Given records —
•••
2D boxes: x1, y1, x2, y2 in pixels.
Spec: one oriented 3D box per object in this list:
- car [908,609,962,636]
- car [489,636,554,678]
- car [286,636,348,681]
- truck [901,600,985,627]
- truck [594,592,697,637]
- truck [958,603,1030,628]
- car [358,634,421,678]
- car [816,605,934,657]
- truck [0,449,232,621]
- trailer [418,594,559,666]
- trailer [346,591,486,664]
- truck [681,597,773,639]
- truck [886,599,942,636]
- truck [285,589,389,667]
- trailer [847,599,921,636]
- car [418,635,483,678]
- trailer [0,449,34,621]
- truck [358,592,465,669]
•••
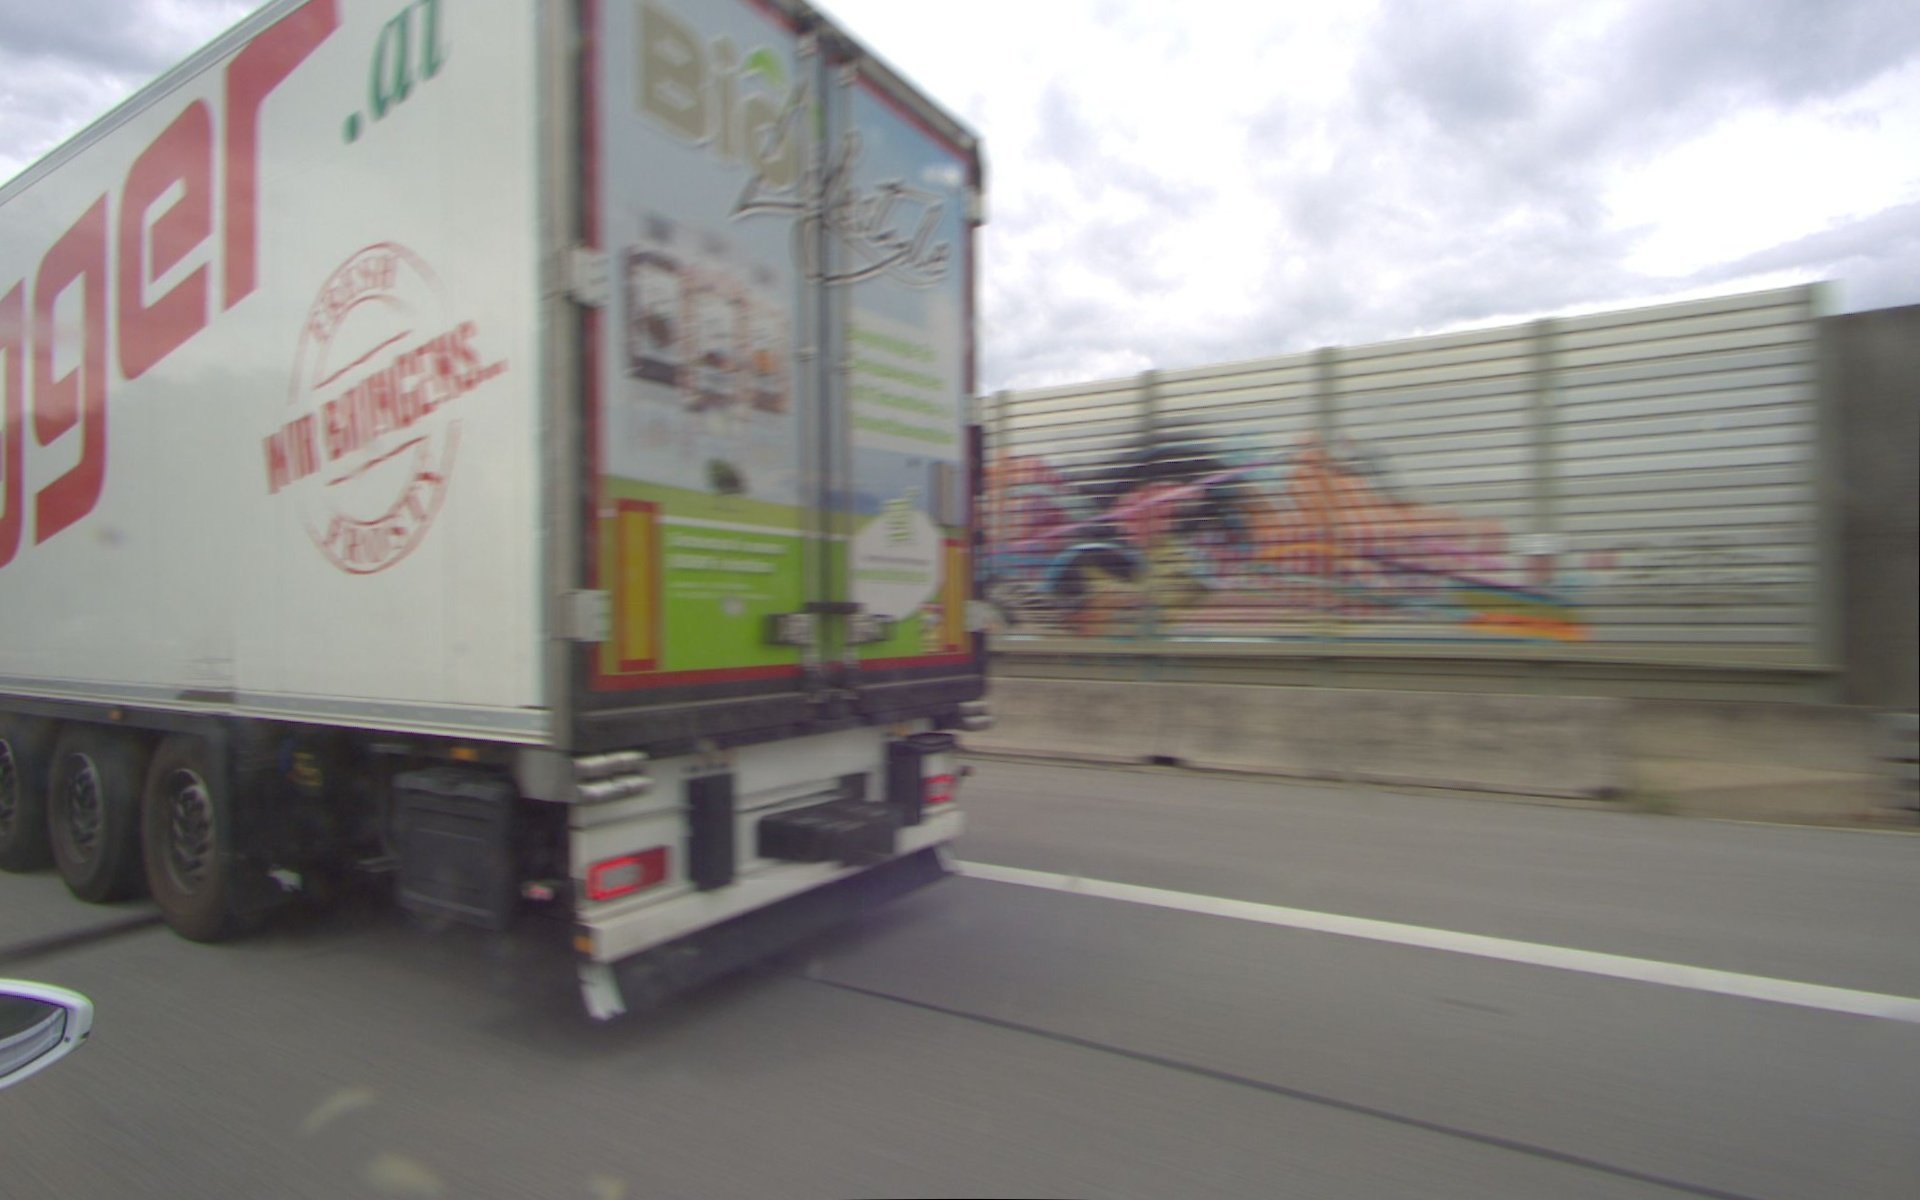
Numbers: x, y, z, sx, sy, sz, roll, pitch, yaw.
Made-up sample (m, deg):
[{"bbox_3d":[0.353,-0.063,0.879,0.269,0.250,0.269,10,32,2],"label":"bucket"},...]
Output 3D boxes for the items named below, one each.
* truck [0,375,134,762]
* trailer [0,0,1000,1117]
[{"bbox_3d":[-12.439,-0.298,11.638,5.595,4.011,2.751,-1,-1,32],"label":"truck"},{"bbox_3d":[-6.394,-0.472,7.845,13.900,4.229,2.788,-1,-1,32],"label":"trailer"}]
•••
Your goal — Copy the lines above exactly. Start with the line containing "- car [358,634,421,678]", end with the line containing "- truck [358,592,465,669]", and include both.

Reply to the exercise —
- car [358,634,421,678]
- car [816,605,934,657]
- truck [0,449,232,621]
- trailer [418,594,559,666]
- trailer [346,591,486,664]
- truck [681,597,773,639]
- truck [886,599,942,636]
- truck [285,589,389,667]
- trailer [847,599,921,636]
- car [418,635,483,678]
- trailer [0,449,34,621]
- truck [358,592,465,669]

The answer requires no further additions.